• The Fit Midwife

Loose Women and Looser Lips

Ok so today is apparently FURIOUS FRIDAY…. Let’s discuss it. The Loose Women’s loose lips causing a midwifery scandal.

First of all. There is nothing great about the title of that show is there…. Because of all the things they could have chosen to address a panel of women, they came up with ‘loose’. I can hear Emmeline Pankhurst just rolling in her grave.

So we all know about the leaked Shrewsbury report. There are statistics being thrown around but we haven’t read the full report. Whilst any death, whether maternal or neonatal is one too many I don’t like using statistics out of context. I do not like generalisations. So I guess I will have to wait to see the whole thing before I can correctly comment on it.

As Milli Hill rightly pointed out in her article for The Independent we are in a BIRTH CRISIS. We have had Morcombe Bay, now Shrewsbury. How many more reports need to be written to identify the glaringly obvious fact that the NHS is not failing….. it has been and continues to be failed!!

This is not new news. I have lived it. My friends and colleagues continue to live it. There are so many holes that the staff try to patch up but they have neither the staffing numbers nor the funding. This report prompted a discussion on the state of the NHS’ maternity system. And that is what I am really wanting to discuss.

My main rage here (because I always have one) is the comment made on Loose Women by someone called Brenda Edwards. I’m not sure if this is my ignorance but I literally had no idea who she was…. I had to Google it.

So what did Brenda say that pissed me off?? Brenda said she wasn’t happy with her midwife, saying ‘she looked too young to have had any children’. She compared this to her midwife from her first birth, whom she called ‘mature and experienced’.

So here is Brenda, making a sweeping generalisation that age and experience are in some way correlated. Obviously the longer you are in your job, the more you are exposed to certain situations, especially in healthcare. But you are also more likely to become demotivated, complacent and to be honest…. a bit lazy. A long time in a job does not necessarily an experienced employee make.

The young midwife in question had to undergo the same training as the ‘mature’ one. In fact I know from having students, that the newer midwives coming through are usually the ones who know the most up to date research, the current hot topics and they always brim with hope and enthusiasm. I wonder at what age someone would consider a midwife ‘old enough’? When we get to that age it will be great, we can throw a party because we all become ‘experienced’.

Now we get to my favourite part…… “I found her to be a little bit patronising and I’d already had a baby. She was telling me how to push and she hadn’t pushed herself”.
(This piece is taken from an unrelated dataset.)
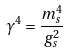<formula> <loc_0><loc_0><loc_500><loc_500>\gamma ^ { 4 } = \frac { m _ { s } ^ { 4 } } { g _ { s } ^ { 2 } }</formula> 
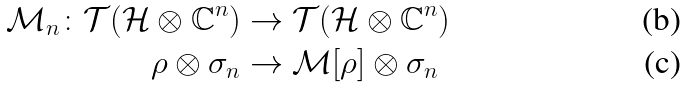Convert formula to latex. <formula><loc_0><loc_0><loc_500><loc_500>\mathcal { M } _ { n } \colon \mathcal { T } ( \mathcal { H } \otimes \mathbb { C } ^ { n } ) & \rightarrow \mathcal { T } ( \mathcal { H } \otimes \mathbb { C } ^ { n } ) \\ \rho \otimes \sigma _ { n } & \rightarrow \mathcal { M } [ \rho ] \otimes \sigma _ { n }</formula> 
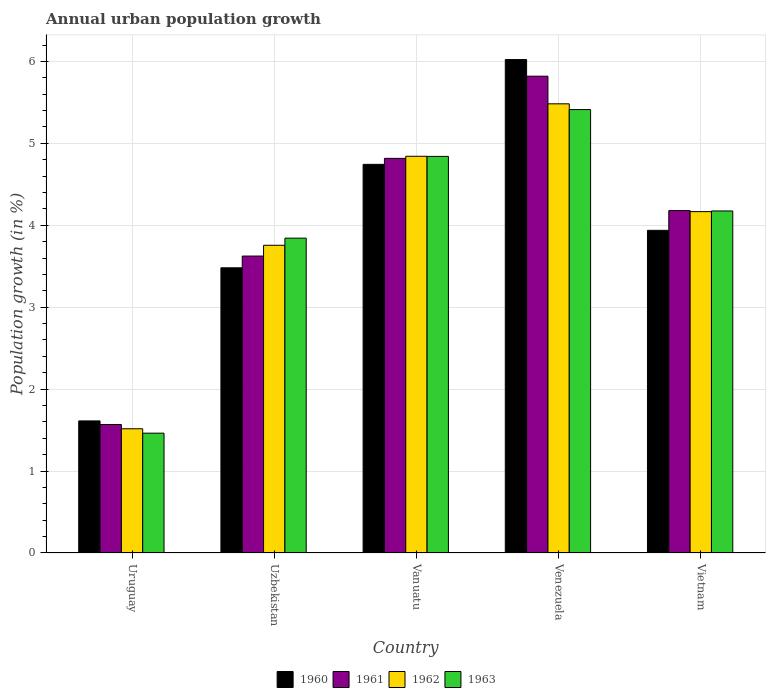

*Starts slow clapping and simultaneously rolling eyes”

Now I cannot comment on whether someone comes across patronising or not. I wasn’t there. This is rarely someones intention but often a case of not gelling with somebody on a basic level. It happens. It is public healthcare. We are seldom in a position to change that. But as far as I know we all try to practice with kindness.

I can address the pushing comment. Do you know how insulting it is as a midwife to be questioned on our ability to do our job because we haven’t birthed a baby ourselves? Do you know how much work we put in to getting where we are? What we sacrifice? What we give day in and day out?

How dare you link our ability to be with women during this time to our reproductive circumstances. Circumstances you know nothing about. As a single, childless midwife am I somehow less qualified to support women. I mean, it’s not like I have a degree or anything….. right?

As if childless women didn’t already have enough of a battle trying to get people to understand that our worth is not directly linked to what happens in our uterus. We now have to face facts that other women consider us lesser females, less able to empathise and less able to use our hard earned educations in practice. Are we going backwards or does it only feel like that when people make silly mindless comments?

Please can we support all of our midwives? Young, old, newly qualified, long serving, tall, short, mothers, childless, married, single. Working in a country where midwives are considered subordinate to all doctors, where women are violated, ignored and crying out for midwifery care, I would urge women everywhere to support your midwives. And maybe generally not judge any of the women around you. All of our stories are different and we are still in a very real and very tough fight to be seen as equals, How can we expect anyone else to see it if we cannot see it in each other.